:: WHAT IS NEEDED ::
Lines to return, exactly: from the line with "text Mevrouw Sylvana Simons (BIJ1): [635, 1031, 1125, 1057]" to the line with "text Dus u steunt het verzoek." in the entries below, both included.

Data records
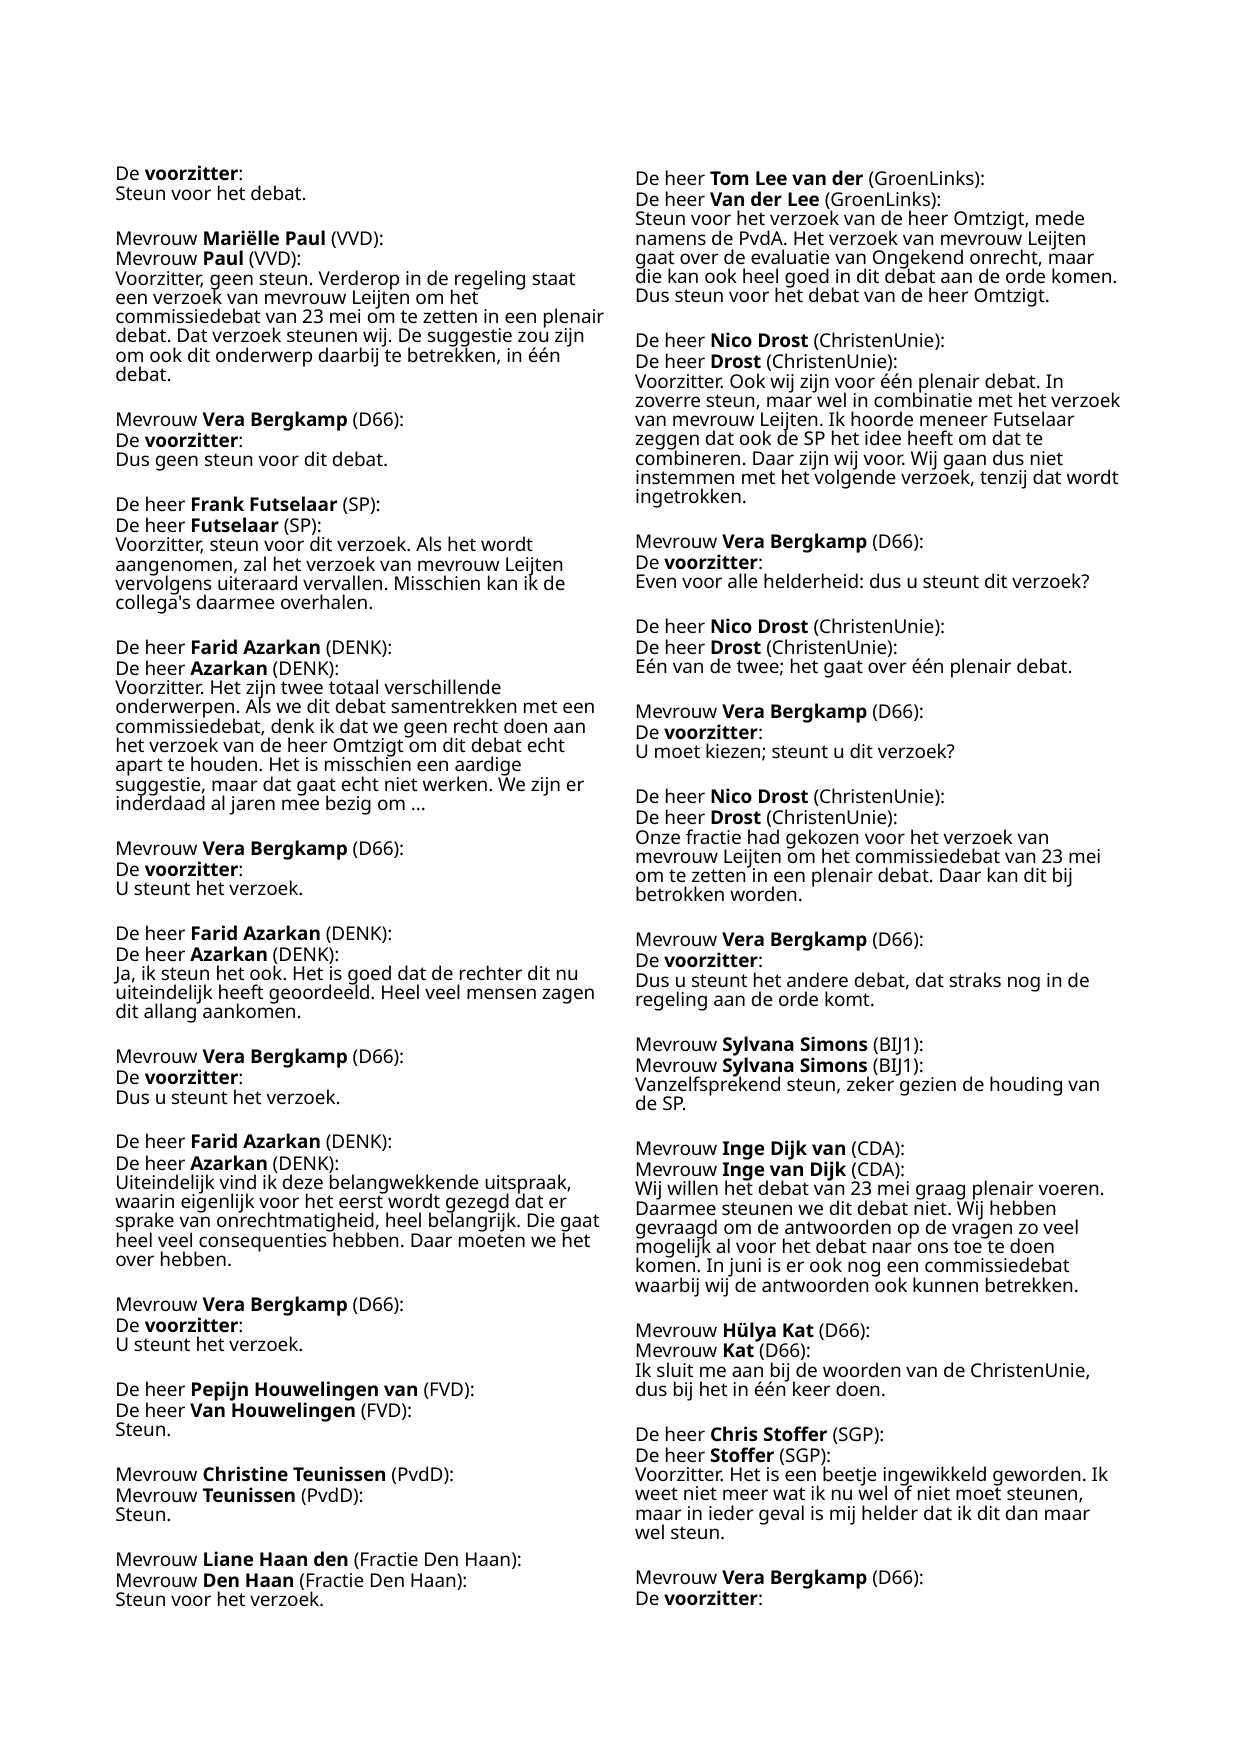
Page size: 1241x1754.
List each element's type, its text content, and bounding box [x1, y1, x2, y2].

text De voorzitter: [635, 1590, 1125, 1609]
text De heer Frank Futselaar (SP): [115, 491, 605, 517]
text Even voor alle helderheid: dus u steunt dit verzoek? [635, 573, 1125, 593]
text Wij willen het debat van 23 mei graag plenair voeren. Daarmee steunen we dit debat niet. Wij hebben gevraagd om de antwoorden op de vragen zo veel mogelijk al voor het debat naar ons toe te doen komen. In juni is er ook nog een commissiedebat waarbij wij de antwoorden ook kunnen betrekken. [635, 1180, 1125, 1296]
text Mevrouw Liane Haan den (Fractie Den Haan): [115, 1546, 605, 1572]
text Mevrouw Hülya Kat (D66): [635, 1317, 1125, 1342]
text Steun. [115, 1421, 605, 1440]
text De heer Azarkan (DENK): [115, 1154, 605, 1174]
text De voorzitter: [115, 1069, 605, 1089]
text De heer Drost (ChristenUnie): [635, 639, 1125, 658]
text Mevrouw Teunissen (PvdD): [115, 1487, 605, 1506]
text De heer Farid Azarkan (DENK): [115, 634, 605, 660]
text De heer Futselaar (SP): [115, 517, 605, 536]
text Mevrouw Vera Bergkamp (D66): [635, 698, 1125, 724]
text Dus u steunt het andere debat, dat straks nog in de regeling aan de orde komt. [635, 972, 1125, 1010]
text De voorzitter: [115, 1317, 605, 1336]
text De heer Stoffer (SGP): [635, 1447, 1125, 1466]
text U steunt het verzoek. [115, 1336, 605, 1355]
text De heer Tom Lee van der (GroenLinks): [635, 165, 1125, 191]
text Steun voor het verzoek. [115, 1591, 605, 1611]
text Voorzitter, steun voor dit verzoek. Als het wordt aangenomen, zal het verzoek van mevrouw Leijten vervolgens uiteraard vervallen. Misschien kan ik de collega's daarmee overhalen. [115, 536, 605, 613]
text Ja, ik steun het ook. Het is goed dat de rechter dit nu uiteindelijk heeft geoordeeld. Heel veel mensen zagen dit allang aankomen. [115, 965, 605, 1023]
text Mevrouw Vera Bergkamp (D66): [635, 927, 1125, 952]
text De voorzitter: [115, 432, 605, 451]
text Steun voor het verzoek van de heer Omtzigt, mede namens de PvdA. Het verzoek van mevrouw Leijten gaat over de evaluatie van Ongekend onrecht, maar die kan ook heel goed in dit debat aan de orde komen. Dus steun voor het debat van de heer Omtzigt. [635, 210, 1125, 307]
text Mevrouw Den Haan (Fractie Den Haan): [115, 1572, 605, 1591]
text Onze fractie had gekozen voor het verzoek van mevrouw Leijten om het commissiedebat van 23 mei om te zetten in een plenair debat. Daar kan dit bij betrokken worden. [635, 829, 1125, 906]
text Ik sluit me aan bij de woorden van de ChristenUnie, dus bij het in één keer doen. [635, 1362, 1125, 1400]
text Mevrouw Vera Bergkamp (D66): [115, 1044, 605, 1069]
text De heer Pepijn Houwelingen van (FVD): [115, 1376, 605, 1402]
text U steunt het verzoek. [115, 880, 605, 899]
text Mevrouw Vera Bergkamp (D66): [115, 835, 605, 861]
text Mevrouw Christine Teunissen (PvdD): [115, 1461, 605, 1487]
text Mevrouw Kat (D66): [635, 1342, 1125, 1362]
text Steun voor het debat. [115, 184, 605, 204]
text De heer Nico Drost (ChristenUnie): [635, 328, 1125, 353]
text Mevrouw Inge van Dijk (CDA): [635, 1161, 1125, 1180]
text Mevrouw Paul (VVD): [115, 250, 605, 270]
text Mevrouw Vera Bergkamp (D66): [115, 406, 605, 432]
text Mevrouw Vera Bergkamp (D66): [635, 528, 1125, 554]
text U moet kiezen; steunt u dit verzoek? [635, 743, 1125, 763]
text Mevrouw Vera Bergkamp (D66): [115, 1291, 605, 1317]
text De heer Azarkan (DENK): [115, 946, 605, 965]
text Mevrouw Sylvana Simons (BIJ1): [635, 1031, 1125, 1057]
text De voorzitter: [635, 724, 1125, 743]
text De heer Nico Drost (ChristenUnie): [635, 613, 1125, 639]
text Mevrouw Mariëlle Paul (VVD): [115, 225, 605, 250]
text Steun. [115, 1506, 605, 1525]
text Mevrouw Vera Bergkamp (D66): [635, 1564, 1125, 1590]
text De voorzitter: [635, 952, 1125, 972]
text De voorzitter: [115, 861, 605, 880]
text Dus geen steun voor dit debat. [115, 451, 605, 470]
text Dus u steunt het verzoek. [115, 1089, 605, 1108]
text Voorzitter. Het is een beetje ingewikkeld geworden. Ik weet niet meer wat ik nu wel of niet moet steunen, maar in ieder geval is mij helder dat ik dit dan maar wel steun. [635, 1466, 1125, 1543]
text De voorzitter: [635, 554, 1125, 573]
text Vanzelfsprekend steun, zeker gezien de houding van de SP. [635, 1076, 1125, 1114]
text De heer Nico Drost (ChristenUnie): [635, 784, 1125, 809]
text De heer Chris Stoffer (SGP): [635, 1421, 1125, 1447]
text De voorzitter: [115, 165, 605, 184]
text De heer Farid Azarkan (DENK): [115, 920, 605, 946]
text De heer Azarkan (DENK): [115, 660, 605, 679]
text Mevrouw Sylvana Simons (BIJ1): [635, 1057, 1125, 1076]
text Eén van de twee; het gaat over één plenair debat. [635, 658, 1125, 678]
text De heer Drost (ChristenUnie): [635, 809, 1125, 829]
text De heer Van der Lee (GroenLinks): [635, 191, 1125, 210]
text De heer Drost (ChristenUnie): [635, 353, 1125, 373]
text Mevrouw Inge Dijk van (CDA): [635, 1135, 1125, 1161]
text Voorzitter. Het zijn twee totaal verschillende onderwerpen. Als we dit debat samentrekken met een commissiedebat, denk ik dat we geen recht doen aan het verzoek van de heer Omtzigt om dit debat echt apart te houden. Het is misschien een aardige suggestie, maar dat gaat echt niet werken. We zijn er inderdaad al jaren mee bezig om … [115, 679, 605, 814]
text Voorzitter, geen steun. Verderop in de regeling staat een verzoek van mevrouw Leijten om het commissiedebat van 23 mei om te zetten in een plenair debat. Dat verzoek steunen wij. De suggestie zou zijn om ook dit onderwerp daarbij te betrekken, in één debat. [115, 270, 605, 385]
text De heer Van Houwelingen (FVD): [115, 1402, 605, 1421]
text De heer Farid Azarkan (DENK): [115, 1129, 605, 1154]
text Uiteindelijk vind ik deze belangwekkende uitspraak, waarin eigenlijk voor het eerst wordt gezegd dat er sprake van onrechtmatigheid, heel belangrijk. Die gaat heel veel consequenties hebben. Daar moeten we het over hebben. [115, 1174, 605, 1270]
text Voorzitter. Ook wij zijn voor één plenair debat. In zoverre steun, maar wel in combinatie met het verzoek van mevrouw Leijten. Ik hoorde meneer Futselaar zeggen dat ook de SP het idee heeft om dat te combineren. Daar zijn wij voor. Wij gaan dus niet instemmen met het volgende verzoek, tenzij dat wordt ingetrokken. [635, 373, 1125, 507]

:: OUTPUT OF THE TASK ::
text Mevrouw Sylvana Simons (BIJ1): [635, 1031, 1125, 1057]
text De voorzitter: [635, 724, 1125, 743]
text De heer Nico Drost (ChristenUnie): [635, 613, 1125, 639]
text Mevrouw Mariëlle Paul (VVD): [115, 225, 605, 250]
text Steun. [115, 1506, 605, 1525]
text Mevrouw Vera Bergkamp (D66): [635, 1564, 1125, 1590]
text De voorzitter: [635, 952, 1125, 972]
text De voorzitter: [115, 861, 605, 880]
text Dus geen steun voor dit debat. [115, 451, 605, 470]
text Dus u steunt het verzoek. [115, 1089, 605, 1108]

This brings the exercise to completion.